What is bisulfite-seq data analysis?

It is the computational analysis of bisulfite-converted DNA sequencing reads to estimate DNA methylation levels at cytosines, most often CpG sites, and to identify methylation differences between samples or groups.

Why does bisulfite-seq need special alignment?

Bisulfite treatment converts unmethylated cytosines to uracils, which are read as thymines. This changes read composition and requires bisulfite-aware genome indexing, alignment and methylation calling.

What is the difference between WGBS and RRBS?

WGBS profiles methylation genome-wide, while RRBS enriches CpG-rich regions using restriction digestion and size selection. RRBS is cheaper but covers a reduced and protocol-dependent part of the genome.

Which tools are commonly used?

Common tools include FastQC, MultiQC, Trim Galore, Cutadapt, Bismark, BS-Seeker2, bwa-meth, MethylDackel, methylKit, DSS, bsseq, DMRcate, BEDTools and genome-browser utilities.

What is conversion efficiency?

Conversion efficiency measures how completely unmethylated cytosines were converted. Poor conversion can cause false methylation calls, so spike-ins or other conversion checks are important where available.
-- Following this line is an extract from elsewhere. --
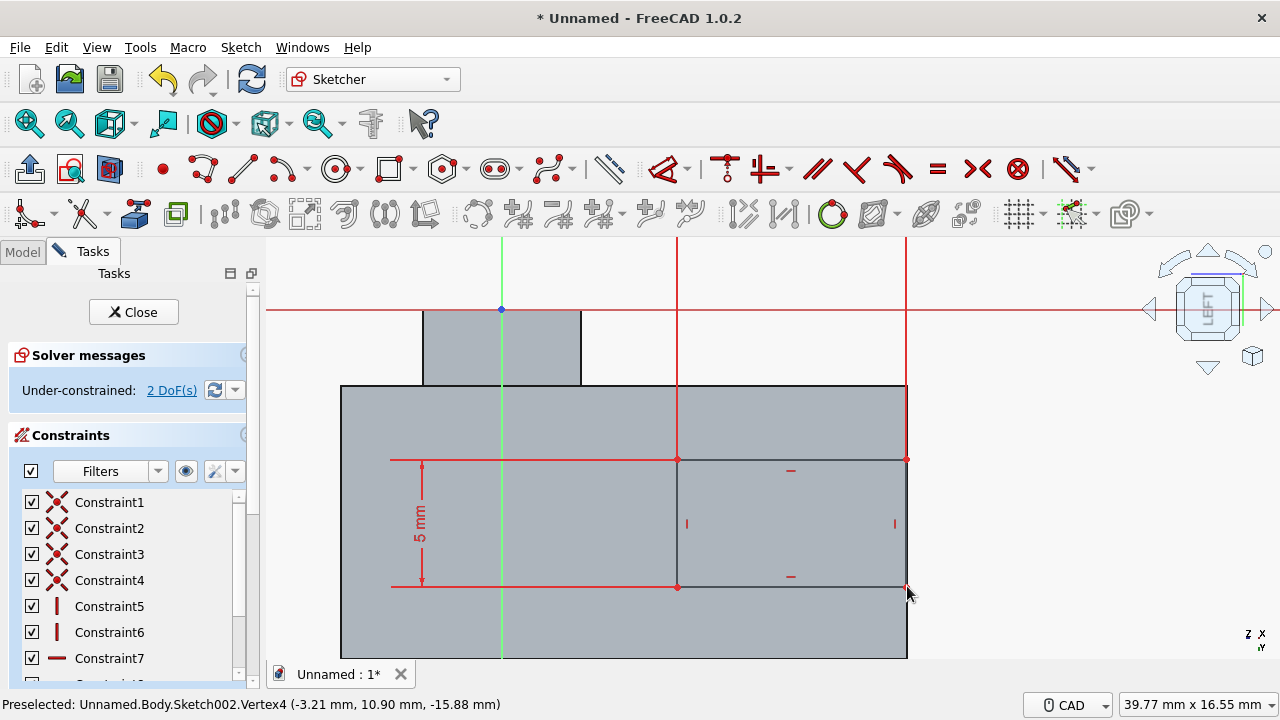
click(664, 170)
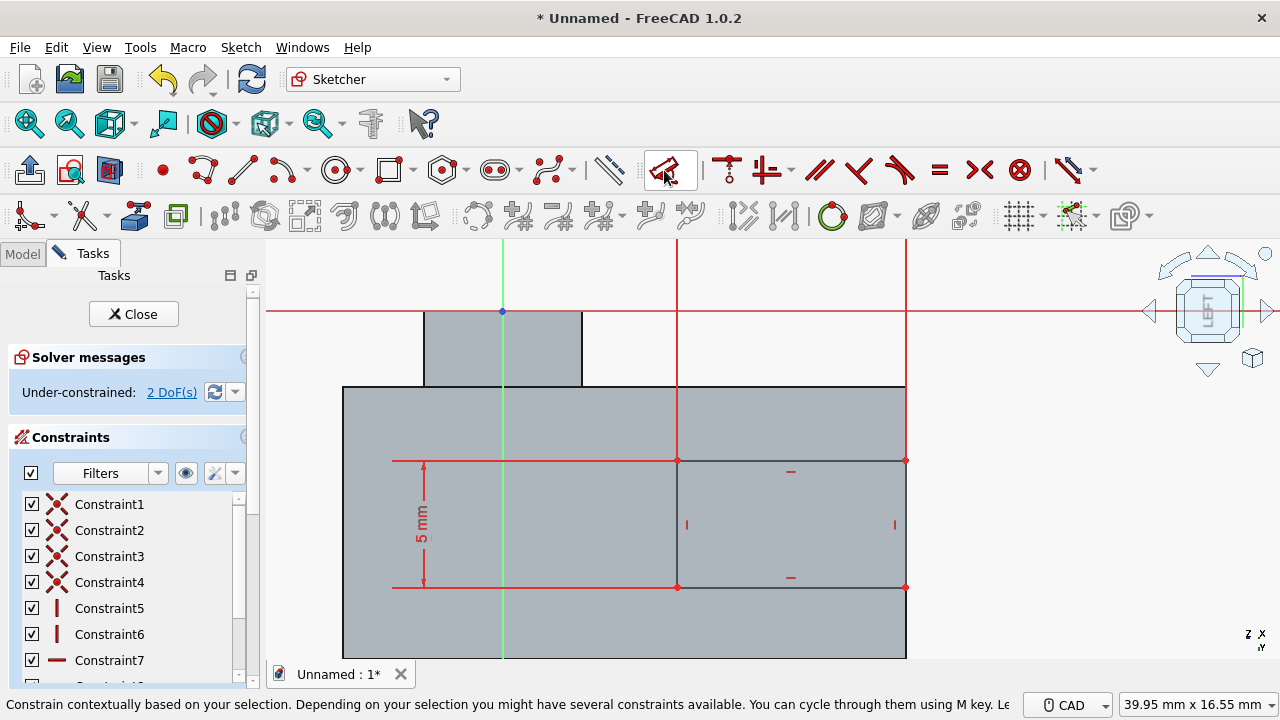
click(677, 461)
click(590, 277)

Should duplicates be removed?

For WGBS, duplicate removal is commonly performed. For RRBS, targeted or amplicon bisulfite sequencing, duplicate handling must consider protocol design because identical genomic starts may be expected.

What are DMPs and DMRs?

DMPs are differentially methylated positions, usually single cytosines. DMRs are regions containing multiple CpGs with coordinated methylation differences between groups.

Can AI help with bisulfite-seq?

AI can help summarize QC, flag outliers, draft reports and interpret DMR-associated genes or pathways, while the core methylation calling and statistics should remain reproducible and auditable.